Available Validation Rules

Common Rules

  • Required: Validates that a value is not empty
  • Length: Validates string length (min, max)
  • Email: Validates email format
  • UrlRule: Validates URL format with optional scheme restrictions
  • UuidRule: Validates UUID format
  • Json: Validates JSON format
  • Date: Validates date format and range
  • Phone: Validates phone number format
  • OneOf: Validates that a value is one of a set of allowed values
  • Custom: Create custom validation rules with closures

Numeric Rules

  • Min: Validates minimum value
  • Max: Validates maximum value
  • Range: Validates value within a range
  • Positive: Validates positive numbers
  • Negative: Validates negative numbers
  • DivisibleBy: Validates divisibility

Collection Rules

  • Unique: Validates collection elements are unique
  • Contains: Validates collection contains a specific value
  • Each: Applies a validation rule to each element
  • Map: Validates map keys and values
  • MinSize: Validates minimum collection size
  • MaxSize: Validates maximum collection size
  • ExactSize: Validates exact collection size

Conditional Rules

  • If: Validates a value only if a condition is true
  • Unless: Validates a value only if a condition is false
  • RequiredIf: Validates that a value is required if a condition is true
  • RequiredWith: Validates that a value is required if another field has a specific value
  • RequiredWithout: Validates that a value is required if another field does not have a specific value
  • RequiredIfAny: Validates that a value is required if any of the specified conditions are true
  • RequiredIfAll: Validates that a value is required if all of the specified conditions are true

Advanced Rules

  • Password: Validates password complexity
  • CreditCard: Validates credit card numbers
  • SemVer: Validates semantic version strings
  • Domain: Validates domain names
  • Port: Validates port numbers
  • IP: Validates IP addresses
  • RegexRule: Validates against a regular expression

Custom Validation Rules

You can create custom validation rules by implementing the Rule trait:

use rustvalidity::error::ValidationError;
use rustvalidity::rules::Rule;

struct MyCustomRule;

impl Rule for MyCustomRule {
    fn validate_any(&self, value: &dyn std::any::Any) -> Result<(), ValidationError> {
        // Your custom validation logic here
        Ok(())
    }
}

Error Handling

Rustvalidity provides two types of validation errors:

  1. ValidationError::Single - A single validation error with a message
  2. ValidationError::Multiple - Multiple validation errors grouped by field

You can collect all validation errors using the validate_all method:

let errors = validator.validate_all(&value);

Examples

Check out the examples directory for more usage examples:

  • user_validation.rs - Basic validation example
  • attribute_validation.rs - Advanced validation with struct attributes

Contributing

Contributions are welcome!
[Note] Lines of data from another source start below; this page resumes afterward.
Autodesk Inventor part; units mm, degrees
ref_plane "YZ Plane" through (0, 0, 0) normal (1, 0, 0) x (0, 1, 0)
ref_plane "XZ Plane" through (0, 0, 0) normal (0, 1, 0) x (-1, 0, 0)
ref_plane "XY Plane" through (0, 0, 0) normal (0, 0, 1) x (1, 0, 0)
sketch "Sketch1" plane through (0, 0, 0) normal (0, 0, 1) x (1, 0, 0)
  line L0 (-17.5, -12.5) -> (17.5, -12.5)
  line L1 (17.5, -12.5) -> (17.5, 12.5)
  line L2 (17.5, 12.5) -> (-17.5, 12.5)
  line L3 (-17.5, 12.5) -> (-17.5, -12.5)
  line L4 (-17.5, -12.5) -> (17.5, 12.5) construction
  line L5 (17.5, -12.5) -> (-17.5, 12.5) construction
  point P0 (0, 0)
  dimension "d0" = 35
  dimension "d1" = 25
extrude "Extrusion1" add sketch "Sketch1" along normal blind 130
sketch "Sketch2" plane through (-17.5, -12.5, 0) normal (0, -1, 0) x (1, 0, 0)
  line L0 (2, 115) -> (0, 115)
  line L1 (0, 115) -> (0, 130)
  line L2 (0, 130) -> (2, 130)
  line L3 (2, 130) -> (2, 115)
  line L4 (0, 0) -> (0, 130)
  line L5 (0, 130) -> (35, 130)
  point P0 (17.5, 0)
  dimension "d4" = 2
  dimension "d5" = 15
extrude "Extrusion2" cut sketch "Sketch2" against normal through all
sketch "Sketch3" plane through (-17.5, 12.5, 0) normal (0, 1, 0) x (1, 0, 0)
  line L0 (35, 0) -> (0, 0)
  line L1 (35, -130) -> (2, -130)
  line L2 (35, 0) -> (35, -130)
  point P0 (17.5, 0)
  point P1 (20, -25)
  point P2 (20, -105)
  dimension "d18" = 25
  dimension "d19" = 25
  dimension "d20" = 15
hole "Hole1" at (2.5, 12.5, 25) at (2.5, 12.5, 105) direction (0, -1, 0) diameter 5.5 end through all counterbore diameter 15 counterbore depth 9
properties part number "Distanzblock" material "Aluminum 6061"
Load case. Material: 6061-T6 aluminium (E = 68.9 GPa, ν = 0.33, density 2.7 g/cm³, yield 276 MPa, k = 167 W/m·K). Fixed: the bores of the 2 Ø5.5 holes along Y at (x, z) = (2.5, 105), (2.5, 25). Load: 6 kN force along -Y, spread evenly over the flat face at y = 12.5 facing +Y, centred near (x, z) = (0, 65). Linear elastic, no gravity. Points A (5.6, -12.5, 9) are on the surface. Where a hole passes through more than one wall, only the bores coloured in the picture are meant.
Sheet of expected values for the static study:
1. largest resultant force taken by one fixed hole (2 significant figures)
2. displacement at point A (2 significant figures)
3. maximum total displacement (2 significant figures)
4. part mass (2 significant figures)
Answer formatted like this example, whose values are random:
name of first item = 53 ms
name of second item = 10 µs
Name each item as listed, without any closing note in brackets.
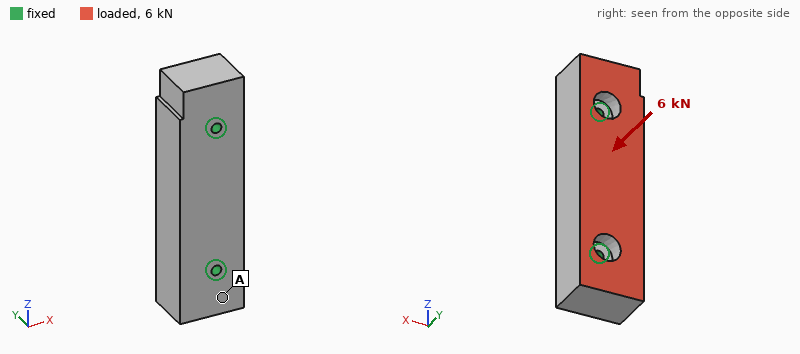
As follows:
largest resultant force taken by one fixed hole = 3.1 kN
displacement at point A = 1.6 µm
maximum total displacement = 8.4 µm
part mass = 290 g
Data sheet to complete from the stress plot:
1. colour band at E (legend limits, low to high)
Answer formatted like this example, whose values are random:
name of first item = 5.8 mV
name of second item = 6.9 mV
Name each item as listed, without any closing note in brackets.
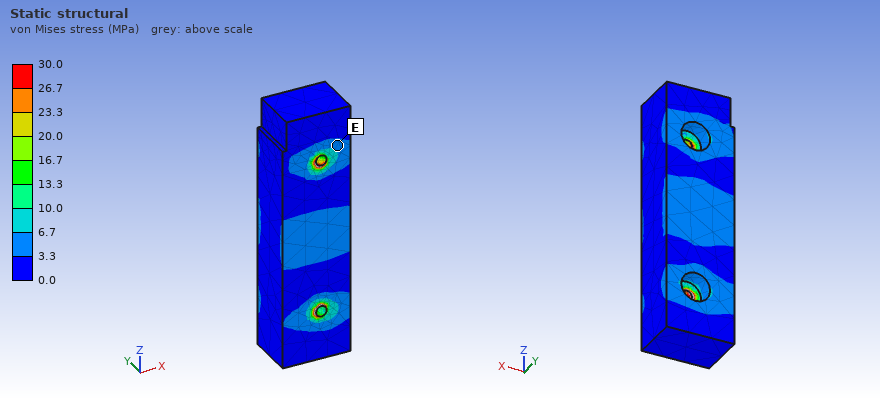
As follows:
colour band at E = 3.3 to 6.7 MPa
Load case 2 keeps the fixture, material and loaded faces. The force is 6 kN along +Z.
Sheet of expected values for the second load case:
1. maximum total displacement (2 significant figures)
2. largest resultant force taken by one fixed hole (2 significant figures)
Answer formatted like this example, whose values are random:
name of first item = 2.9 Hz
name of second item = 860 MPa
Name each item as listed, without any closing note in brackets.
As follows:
maximum total displacement = 7.5 µm
largest resultant force taken by one fixed hole = 3.2 kN
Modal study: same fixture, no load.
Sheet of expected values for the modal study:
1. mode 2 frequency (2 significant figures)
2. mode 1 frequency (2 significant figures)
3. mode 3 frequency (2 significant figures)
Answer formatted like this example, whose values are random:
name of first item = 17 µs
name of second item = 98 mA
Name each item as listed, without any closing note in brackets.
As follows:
mode 2 frequency = 9500 Hz
mode 1 frequency = 8300 Hz
mode 3 frequency = 9900 Hz
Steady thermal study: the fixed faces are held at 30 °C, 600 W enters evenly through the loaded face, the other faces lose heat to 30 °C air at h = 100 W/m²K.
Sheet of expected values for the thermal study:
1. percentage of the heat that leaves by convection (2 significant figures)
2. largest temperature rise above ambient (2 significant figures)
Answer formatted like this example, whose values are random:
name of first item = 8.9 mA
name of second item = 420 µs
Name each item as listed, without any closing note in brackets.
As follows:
percentage of the heat that leaves by convection = 7.1 %
largest temperature rise above ambient = 53 K
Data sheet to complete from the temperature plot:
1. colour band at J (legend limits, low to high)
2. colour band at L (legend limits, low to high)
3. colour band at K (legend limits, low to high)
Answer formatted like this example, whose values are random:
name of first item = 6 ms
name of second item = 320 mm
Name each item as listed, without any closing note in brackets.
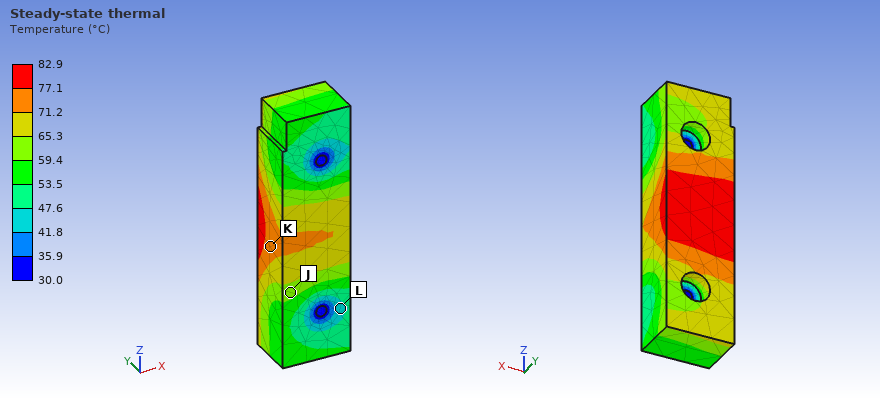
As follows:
colour band at J = 59.4 to 65.3 °C
colour band at L = 41.8 to 47.6 °C
colour band at K = 71.2 to 77.1 °C

Please feel free to submit a Pull Request.

  1. Fork the repository
  2. Create your feature branch (git checkout -b feature/amazing-feature)
  3. Commit your changes (git commit -m 'Add some amazing feature')
  4. Push to the branch (git push origin feature/amazing-feature)
  5. Open a Pull Request

License

This project is licensed under the MIT License - see the LICENSE file for details.

About

RustValidity is a powerful, flexible, and easy-to-use validation library for Rust that provides struct-level validation. It offers a wide range of built-in validation rules and supports custom validation logic.